An important caveat/refinement to what I said before, is that high value of paternal investment does not always lead to complete monogamy (with adultery), as that assumes all males are able to provide equally well. If for some reason there is large variability in how well males are able to provide, this could mean some males are able to cross the polygyny threshold, and support multiple wives. An example of this is uneven distribution of wealth, which has particularly been the case for humans since the agricultural revolution when it became possible to accumulate wealth; In extreme cases of wealth singularities this has sometimes manifested in harems. From a more abstract perspective you could also look at the paternal protection found in chimpanzees where there is a high risk of infanticide from other male chimpanzees, as a form of paternal investment (it’s more abstract because ironically it is induced by there not being a first order need for paternal investment in the first place). It is variable among males because male chimpanzees form alliances and hierarchies, that give males in a stronger alliance the ability to provide better protection. In contrast Bonobos, while similar to chimpanzees in that the mating is promiscuous, avoid all problems of infanticide and other male violence, and I think the reason is that Bonobo communities are small enough that everyone can have sex with everyone which together with concealed ovulation means it is harder to infer paternity. So in summary, paternal reproductive skew is not always due to the importance of gene quality taking over the importance of paternal investment; it can also be caused by variation in the quality of paternal investment. The difference between the two is that in the case of variable paternal investment the males hold the power and jostle for it (patriarchy) but where gene quality is the dominant factor the females hold the power through sexual choice (matriarchy¹²). Also the paternal skew is generally more concentrated in the latter case of gene quality being the dominant factor, as explained in footnote 7.

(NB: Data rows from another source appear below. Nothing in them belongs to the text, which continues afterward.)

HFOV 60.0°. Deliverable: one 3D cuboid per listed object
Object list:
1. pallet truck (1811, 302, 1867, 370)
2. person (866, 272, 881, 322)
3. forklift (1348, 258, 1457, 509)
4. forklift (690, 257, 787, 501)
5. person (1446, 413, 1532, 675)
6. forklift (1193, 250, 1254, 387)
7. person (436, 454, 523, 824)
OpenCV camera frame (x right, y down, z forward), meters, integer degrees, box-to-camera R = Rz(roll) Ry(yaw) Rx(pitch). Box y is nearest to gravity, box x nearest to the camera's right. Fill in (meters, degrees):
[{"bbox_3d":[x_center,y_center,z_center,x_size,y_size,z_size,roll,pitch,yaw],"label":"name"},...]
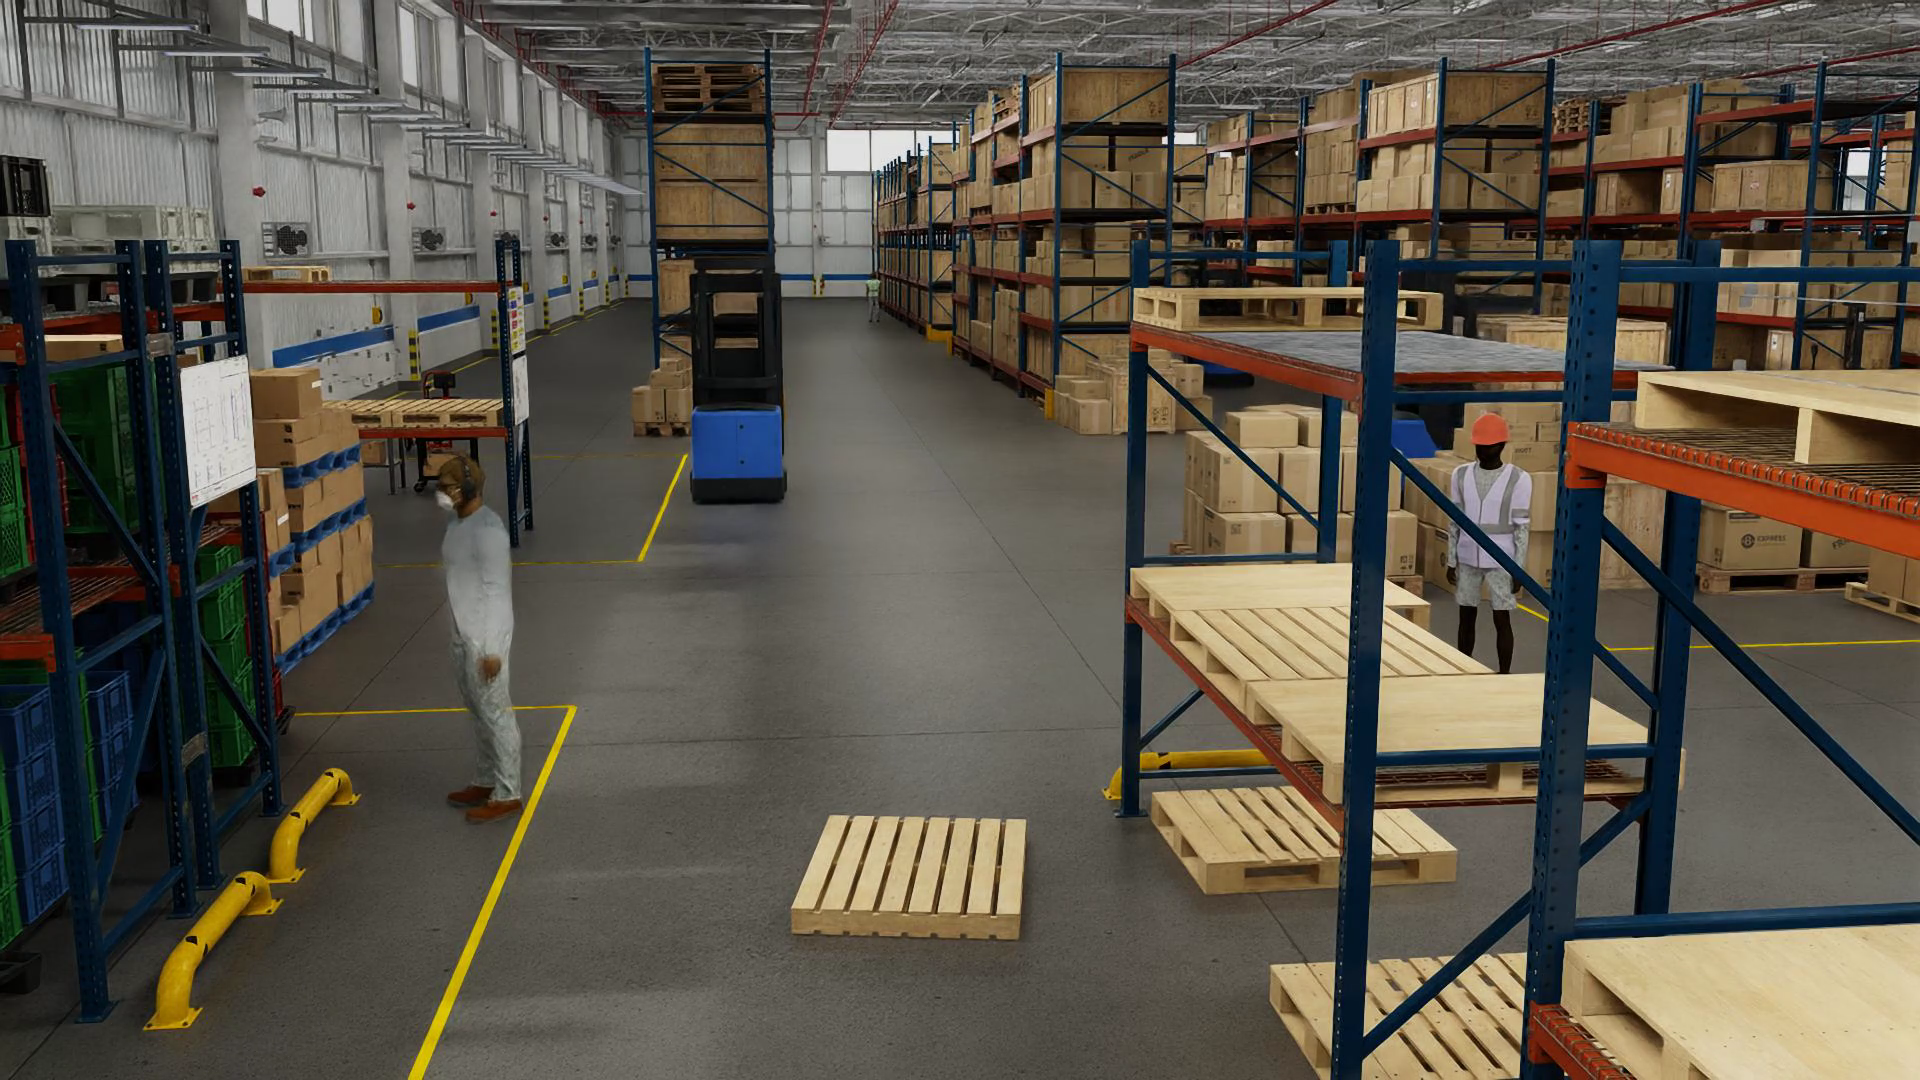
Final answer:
[{"bbox_3d":[15.846,-3.142,28.793,1.885,1.965,0.823,2,10,12],"label":"pallet truck"},{"bbox_3d":[-3.202,-9.013,61.741,0.570,1.844,0.377,-2,10,-9],"label":"person"},{"bbox_3d":[5.116,-1.729,18.512,1.873,2.768,1.129,-1,10,-7],"label":"forklift"},{"bbox_3d":[-2.648,-1.951,19.746,1.129,2.768,1.873,-1,10,-6],"label":"forklift"},{"bbox_3d":[3.433,0.128,10.879,0.543,1.928,0.400,8,13,39],"label":"person"},{"bbox_3d":[5.404,-4.629,34.583,1.129,2.768,1.873,-1,10,-6],"label":"forklift"},{"bbox_3d":[-2.526,0.509,8.727,0.356,1.936,0.635,-7,12,-33],"label":"person"}]

In the case however where paternal investment is important but not variable, such as with direct paternal care of offspring, monogamy is the natural arrangement. This is the case more so for humans than our closest primate relatives, because human babies are born at a more premature and vulnerable stage of development, which came about to support our larger brains¹³. So this could explain why humans have evolved a more natural predisposition to monogamy (for at least long enough to raise a child) than our closest primate relatives. However humans are incredibly flexible in what mating arrangements we biologically support¹⁴, and while I think we are naturally predisposed to monogamy (and minority polygyny), I imagine that pre agricultural revolution, when human communities were nomadic, human sexual arrangements could have been more flexible and not always based around marriage (whether monogamous or polygynous marriage), including arrangements closer to the promiscuous arrangements found in our closest primate relatives. But other than our flexibility, what is particularly unique about humans is that we are able to think abstractly about mating systems and design and agree on them as a community¹⁵, and with written word pass this down through many generations. Human societies that have attached a religious significance to monogamy may have been able to create more equal, economically productive, scalable and stable societies that were stronger against enemies¹⁶, and this may be why such religions have been so successful, even though the ideals are sometimes in tension with our less simple biology.